[TASK INPUTS]
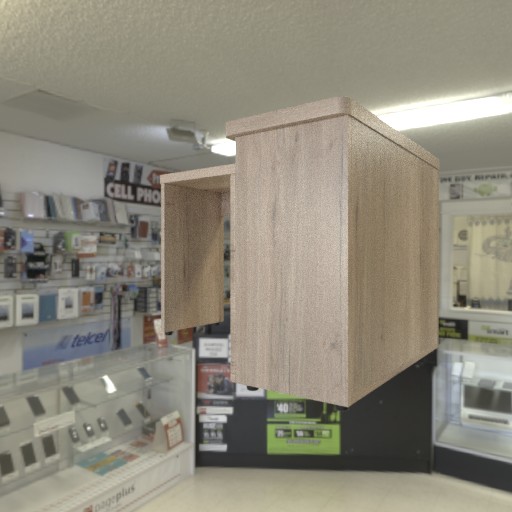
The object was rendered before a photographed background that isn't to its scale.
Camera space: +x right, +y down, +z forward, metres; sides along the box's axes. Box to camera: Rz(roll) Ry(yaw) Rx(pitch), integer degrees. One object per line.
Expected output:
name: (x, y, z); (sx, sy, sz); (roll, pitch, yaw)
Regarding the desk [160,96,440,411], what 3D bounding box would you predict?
desk: (0.000, 0.000, 1.746); (1.169, 0.760, 0.900); (0, 0, 36)
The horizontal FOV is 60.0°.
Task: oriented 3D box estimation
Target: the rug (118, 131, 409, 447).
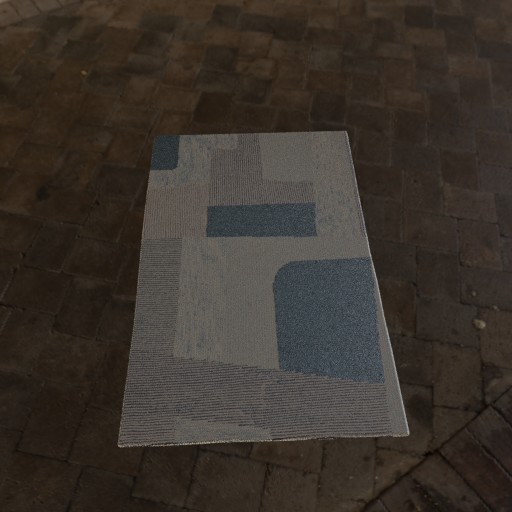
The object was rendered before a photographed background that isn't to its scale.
[{"bbox_3d":[0.000,0.000,2.359,1.238,0.020,1.847,-2,58,-1],"label":"rug"}]
[/TASK INPUTS]
## PROBLEM
Look through the records and gather every line containing "pitch".

## ANSWER TO THIS EXERCISE
Camera space: +x right, +y down, +z forward, metres; sides along the box's axes. Box to camera: Rz(roll) Ry(yaw) Rx(pitch), integer degrees. One object per line.
name: (x, y, z); (sx, sy, sz); (roll, pitch, yaw)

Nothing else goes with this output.